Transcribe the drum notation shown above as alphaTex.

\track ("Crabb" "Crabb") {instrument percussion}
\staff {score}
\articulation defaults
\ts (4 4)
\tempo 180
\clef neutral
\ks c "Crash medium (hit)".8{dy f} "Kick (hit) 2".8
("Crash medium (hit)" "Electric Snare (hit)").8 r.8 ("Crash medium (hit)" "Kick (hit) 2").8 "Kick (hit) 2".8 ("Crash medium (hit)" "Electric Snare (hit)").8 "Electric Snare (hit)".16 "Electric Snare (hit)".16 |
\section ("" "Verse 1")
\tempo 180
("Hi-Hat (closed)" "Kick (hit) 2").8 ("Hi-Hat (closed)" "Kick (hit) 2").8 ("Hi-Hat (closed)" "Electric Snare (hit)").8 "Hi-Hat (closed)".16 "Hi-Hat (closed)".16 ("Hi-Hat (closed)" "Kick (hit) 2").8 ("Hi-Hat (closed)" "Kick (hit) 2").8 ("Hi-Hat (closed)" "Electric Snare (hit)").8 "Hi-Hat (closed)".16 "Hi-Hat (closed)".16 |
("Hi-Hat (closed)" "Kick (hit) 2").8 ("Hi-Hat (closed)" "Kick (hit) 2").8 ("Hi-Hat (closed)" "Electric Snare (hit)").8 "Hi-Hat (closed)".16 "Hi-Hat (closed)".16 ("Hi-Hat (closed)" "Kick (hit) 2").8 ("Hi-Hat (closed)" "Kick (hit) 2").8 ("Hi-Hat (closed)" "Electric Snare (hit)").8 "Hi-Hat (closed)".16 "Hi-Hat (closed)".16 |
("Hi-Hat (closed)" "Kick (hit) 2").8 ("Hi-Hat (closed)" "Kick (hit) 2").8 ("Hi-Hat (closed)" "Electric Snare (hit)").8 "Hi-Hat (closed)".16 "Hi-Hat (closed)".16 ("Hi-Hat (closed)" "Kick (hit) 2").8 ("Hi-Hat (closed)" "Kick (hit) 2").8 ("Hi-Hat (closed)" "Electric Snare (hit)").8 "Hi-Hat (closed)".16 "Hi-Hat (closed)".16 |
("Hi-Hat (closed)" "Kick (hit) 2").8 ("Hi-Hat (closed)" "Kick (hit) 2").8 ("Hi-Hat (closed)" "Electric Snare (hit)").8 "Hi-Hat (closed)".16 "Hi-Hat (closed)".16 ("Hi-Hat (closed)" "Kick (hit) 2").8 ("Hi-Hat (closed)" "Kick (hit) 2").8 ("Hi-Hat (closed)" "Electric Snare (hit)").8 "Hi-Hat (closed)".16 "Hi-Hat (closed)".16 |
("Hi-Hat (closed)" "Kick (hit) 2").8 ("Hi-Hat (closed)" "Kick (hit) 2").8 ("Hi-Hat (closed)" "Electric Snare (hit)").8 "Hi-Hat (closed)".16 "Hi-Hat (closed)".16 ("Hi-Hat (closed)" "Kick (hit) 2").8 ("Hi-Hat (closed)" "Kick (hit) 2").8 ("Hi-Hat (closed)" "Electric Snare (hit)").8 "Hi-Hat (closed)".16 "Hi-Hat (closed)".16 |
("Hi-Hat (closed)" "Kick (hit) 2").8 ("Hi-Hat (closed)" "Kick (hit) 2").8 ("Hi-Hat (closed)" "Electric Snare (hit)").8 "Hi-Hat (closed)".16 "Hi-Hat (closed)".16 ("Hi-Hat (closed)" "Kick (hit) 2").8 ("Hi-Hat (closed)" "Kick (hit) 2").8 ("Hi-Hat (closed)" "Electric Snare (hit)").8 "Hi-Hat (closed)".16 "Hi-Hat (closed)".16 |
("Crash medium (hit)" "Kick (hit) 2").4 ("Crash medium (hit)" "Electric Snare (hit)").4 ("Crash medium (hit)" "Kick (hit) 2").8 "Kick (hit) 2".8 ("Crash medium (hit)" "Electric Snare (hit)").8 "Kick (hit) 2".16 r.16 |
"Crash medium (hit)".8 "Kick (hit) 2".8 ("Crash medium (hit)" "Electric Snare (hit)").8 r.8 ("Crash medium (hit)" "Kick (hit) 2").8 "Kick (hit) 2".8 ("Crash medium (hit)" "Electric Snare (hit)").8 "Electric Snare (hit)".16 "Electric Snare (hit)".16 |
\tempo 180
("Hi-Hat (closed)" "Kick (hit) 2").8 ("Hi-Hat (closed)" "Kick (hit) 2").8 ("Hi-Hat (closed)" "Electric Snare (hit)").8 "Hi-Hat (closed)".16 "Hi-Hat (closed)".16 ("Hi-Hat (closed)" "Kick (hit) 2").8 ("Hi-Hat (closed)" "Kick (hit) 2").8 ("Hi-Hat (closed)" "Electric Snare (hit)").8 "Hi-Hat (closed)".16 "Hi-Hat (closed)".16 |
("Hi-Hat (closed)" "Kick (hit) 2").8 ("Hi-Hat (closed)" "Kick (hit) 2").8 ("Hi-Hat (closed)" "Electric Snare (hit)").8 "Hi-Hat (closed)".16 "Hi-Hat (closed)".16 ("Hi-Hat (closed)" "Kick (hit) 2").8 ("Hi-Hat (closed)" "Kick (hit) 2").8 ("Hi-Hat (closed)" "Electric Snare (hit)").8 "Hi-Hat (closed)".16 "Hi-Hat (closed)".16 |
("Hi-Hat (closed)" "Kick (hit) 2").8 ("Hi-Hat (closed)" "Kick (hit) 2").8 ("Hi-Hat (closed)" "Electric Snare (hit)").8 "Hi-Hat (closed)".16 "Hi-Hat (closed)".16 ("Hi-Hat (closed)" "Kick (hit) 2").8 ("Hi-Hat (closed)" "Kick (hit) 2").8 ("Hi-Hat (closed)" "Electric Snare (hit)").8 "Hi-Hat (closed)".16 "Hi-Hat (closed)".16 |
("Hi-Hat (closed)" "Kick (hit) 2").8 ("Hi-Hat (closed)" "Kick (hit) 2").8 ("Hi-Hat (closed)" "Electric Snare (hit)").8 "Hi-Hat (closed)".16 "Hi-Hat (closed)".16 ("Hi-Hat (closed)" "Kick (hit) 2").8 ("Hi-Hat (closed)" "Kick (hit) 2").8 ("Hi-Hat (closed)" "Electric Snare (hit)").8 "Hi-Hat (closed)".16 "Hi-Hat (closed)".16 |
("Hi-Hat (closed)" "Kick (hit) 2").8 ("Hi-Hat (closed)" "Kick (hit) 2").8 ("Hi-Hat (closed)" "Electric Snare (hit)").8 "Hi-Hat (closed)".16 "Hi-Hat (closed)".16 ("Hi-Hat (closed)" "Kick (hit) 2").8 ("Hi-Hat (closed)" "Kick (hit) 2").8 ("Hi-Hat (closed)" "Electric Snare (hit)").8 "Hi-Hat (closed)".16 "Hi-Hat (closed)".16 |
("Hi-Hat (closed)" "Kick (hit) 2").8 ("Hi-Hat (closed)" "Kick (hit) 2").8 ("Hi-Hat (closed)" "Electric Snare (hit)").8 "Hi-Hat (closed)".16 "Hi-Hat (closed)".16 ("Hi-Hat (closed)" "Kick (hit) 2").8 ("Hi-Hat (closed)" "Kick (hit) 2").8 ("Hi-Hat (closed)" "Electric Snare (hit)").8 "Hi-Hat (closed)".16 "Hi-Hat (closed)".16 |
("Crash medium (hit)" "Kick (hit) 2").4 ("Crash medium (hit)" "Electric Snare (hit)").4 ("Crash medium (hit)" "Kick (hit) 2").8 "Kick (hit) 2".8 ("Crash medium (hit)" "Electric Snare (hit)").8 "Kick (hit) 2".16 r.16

◆ Directions
Transcribe each of the records above exactly.

◆ Answer space
Transcribe the drum notation shown above as alphaTex.

\track ("Crabb" "Crabb") {instrument percussion}
\staff {score}
\articulation defaults
\ts (4 4)
\tempo 180
\clef neutral
\ks c "Crash medium (hit)".8{dy f} "Kick (hit) 2".8
("Crash medium (hit)" "Electric Snare (hit)").8 r.8 ("Crash medium (hit)" "Kick (hit) 2").8 "Kick (hit) 2".8 ("Crash medium (hit)" "Electric Snare (hit)").8 "Electric Snare (hit)".16 "Electric Snare (hit)".16 |
\section ("" "Verse 1")
\tempo 180
("Hi-Hat (closed)" "Kick (hit) 2").8 ("Hi-Hat (closed)" "Kick (hit) 2").8 ("Hi-Hat (closed)" "Electric Snare (hit)").8 "Hi-Hat (closed)".16 "Hi-Hat (closed)".16 ("Hi-Hat (closed)" "Kick (hit) 2").8 ("Hi-Hat (closed)" "Kick (hit) 2").8 ("Hi-Hat (closed)" "Electric Snare (hit)").8 "Hi-Hat (closed)".16 "Hi-Hat (closed)".16 |
("Hi-Hat (closed)" "Kick (hit) 2").8 ("Hi-Hat (closed)" "Kick (hit) 2").8 ("Hi-Hat (closed)" "Electric Snare (hit)").8 "Hi-Hat (closed)".16 "Hi-Hat (closed)".16 ("Hi-Hat (closed)" "Kick (hit) 2").8 ("Hi-Hat (closed)" "Kick (hit) 2").8 ("Hi-Hat (closed)" "Electric Snare (hit)").8 "Hi-Hat (closed)".16 "Hi-Hat (closed)".16 |
("Hi-Hat (closed)" "Kick (hit) 2").8 ("Hi-Hat (closed)" "Kick (hit) 2").8 ("Hi-Hat (closed)" "Electric Snare (hit)").8 "Hi-Hat (closed)".16 "Hi-Hat (closed)".16 ("Hi-Hat (closed)" "Kick (hit) 2").8 ("Hi-Hat (closed)" "Kick (hit) 2").8 ("Hi-Hat (closed)" "Electric Snare (hit)").8 "Hi-Hat (closed)".16 "Hi-Hat (closed)".16 |
("Hi-Hat (closed)" "Kick (hit) 2").8 ("Hi-Hat (closed)" "Kick (hit) 2").8 ("Hi-Hat (closed)" "Electric Snare (hit)").8 "Hi-Hat (closed)".16 "Hi-Hat (closed)".16 ("Hi-Hat (closed)" "Kick (hit) 2").8 ("Hi-Hat (closed)" "Kick (hit) 2").8 ("Hi-Hat (closed)" "Electric Snare (hit)").8 "Hi-Hat (closed)".16 "Hi-Hat (closed)".16 |
("Hi-Hat (closed)" "Kick (hit) 2").8 ("Hi-Hat (closed)" "Kick (hit) 2").8 ("Hi-Hat (closed)" "Electric Snare (hit)").8 "Hi-Hat (closed)".16 "Hi-Hat (closed)".16 ("Hi-Hat (closed)" "Kick (hit) 2").8 ("Hi-Hat (closed)" "Kick (hit) 2").8 ("Hi-Hat (closed)" "Electric Snare (hit)").8 "Hi-Hat (closed)".16 "Hi-Hat (closed)".16 |
("Hi-Hat (closed)" "Kick (hit) 2").8 ("Hi-Hat (closed)" "Kick (hit) 2").8 ("Hi-Hat (closed)" "Electric Snare (hit)").8 "Hi-Hat (closed)".16 "Hi-Hat (closed)".16 ("Hi-Hat (closed)" "Kick (hit) 2").8 ("Hi-Hat (closed)" "Kick (hit) 2").8 ("Hi-Hat (closed)" "Electric Snare (hit)").8 "Hi-Hat (closed)".16 "Hi-Hat (closed)".16 |
("Crash medium (hit)" "Kick (hit) 2").4 ("Crash medium (hit)" "Electric Snare (hit)").4 ("Crash medium (hit)" "Kick (hit) 2").8 "Kick (hit) 2".8 ("Crash medium (hit)" "Electric Snare (hit)").8 "Kick (hit) 2".16 r.16 |
"Crash medium (hit)".8 "Kick (hit) 2".8 ("Crash medium (hit)" "Electric Snare (hit)").8 r.8 ("Crash medium (hit)" "Kick (hit) 2").8 "Kick (hit) 2".8 ("Crash medium (hit)" "Electric Snare (hit)").8 "Electric Snare (hit)".16 "Electric Snare (hit)".16 |
\tempo 180
("Hi-Hat (closed)" "Kick (hit) 2").8 ("Hi-Hat (closed)" "Kick (hit) 2").8 ("Hi-Hat (closed)" "Electric Snare (hit)").8 "Hi-Hat (closed)".16 "Hi-Hat (closed)".16 ("Hi-Hat (closed)" "Kick (hit) 2").8 ("Hi-Hat (closed)" "Kick (hit) 2").8 ("Hi-Hat (closed)" "Electric Snare (hit)").8 "Hi-Hat (closed)".16 "Hi-Hat (closed)".16 |
("Hi-Hat (closed)" "Kick (hit) 2").8 ("Hi-Hat (closed)" "Kick (hit) 2").8 ("Hi-Hat (closed)" "Electric Snare (hit)").8 "Hi-Hat (closed)".16 "Hi-Hat (closed)".16 ("Hi-Hat (closed)" "Kick (hit) 2").8 ("Hi-Hat (closed)" "Kick (hit) 2").8 ("Hi-Hat (closed)" "Electric Snare (hit)").8 "Hi-Hat (closed)".16 "Hi-Hat (closed)".16 |
("Hi-Hat (closed)" "Kick (hit) 2").8 ("Hi-Hat (closed)" "Kick (hit) 2").8 ("Hi-Hat (closed)" "Electric Snare (hit)").8 "Hi-Hat (closed)".16 "Hi-Hat (closed)".16 ("Hi-Hat (closed)" "Kick (hit) 2").8 ("Hi-Hat (closed)" "Kick (hit) 2").8 ("Hi-Hat (closed)" "Electric Snare (hit)").8 "Hi-Hat (closed)".16 "Hi-Hat (closed)".16 |
("Hi-Hat (closed)" "Kick (hit) 2").8 ("Hi-Hat (closed)" "Kick (hit) 2").8 ("Hi-Hat (closed)" "Electric Snare (hit)").8 "Hi-Hat (closed)".16 "Hi-Hat (closed)".16 ("Hi-Hat (closed)" "Kick (hit) 2").8 ("Hi-Hat (closed)" "Kick (hit) 2").8 ("Hi-Hat (closed)" "Electric Snare (hit)").8 "Hi-Hat (closed)".16 "Hi-Hat (closed)".16 |
("Hi-Hat (closed)" "Kick (hit) 2").8 ("Hi-Hat (closed)" "Kick (hit) 2").8 ("Hi-Hat (closed)" "Electric Snare (hit)").8 "Hi-Hat (closed)".16 "Hi-Hat (closed)".16 ("Hi-Hat (closed)" "Kick (hit) 2").8 ("Hi-Hat (closed)" "Kick (hit) 2").8 ("Hi-Hat (closed)" "Electric Snare (hit)").8 "Hi-Hat (closed)".16 "Hi-Hat (closed)".16 |
("Hi-Hat (closed)" "Kick (hit) 2").8 ("Hi-Hat (closed)" "Kick (hit) 2").8 ("Hi-Hat (closed)" "Electric Snare (hit)").8 "Hi-Hat (closed)".16 "Hi-Hat (closed)".16 ("Hi-Hat (closed)" "Kick (hit) 2").8 ("Hi-Hat (closed)" "Kick (hit) 2").8 ("Hi-Hat (closed)" "Electric Snare (hit)").8 "Hi-Hat (closed)".16 "Hi-Hat (closed)".16 |
("Crash medium (hit)" "Kick (hit) 2").4 ("Crash medium (hit)" "Electric Snare (hit)").4 ("Crash medium (hit)" "Kick (hit) 2").8 "Kick (hit) 2".8 ("Crash medium (hit)" "Electric Snare (hit)").8 "Kick (hit) 2".16 r.16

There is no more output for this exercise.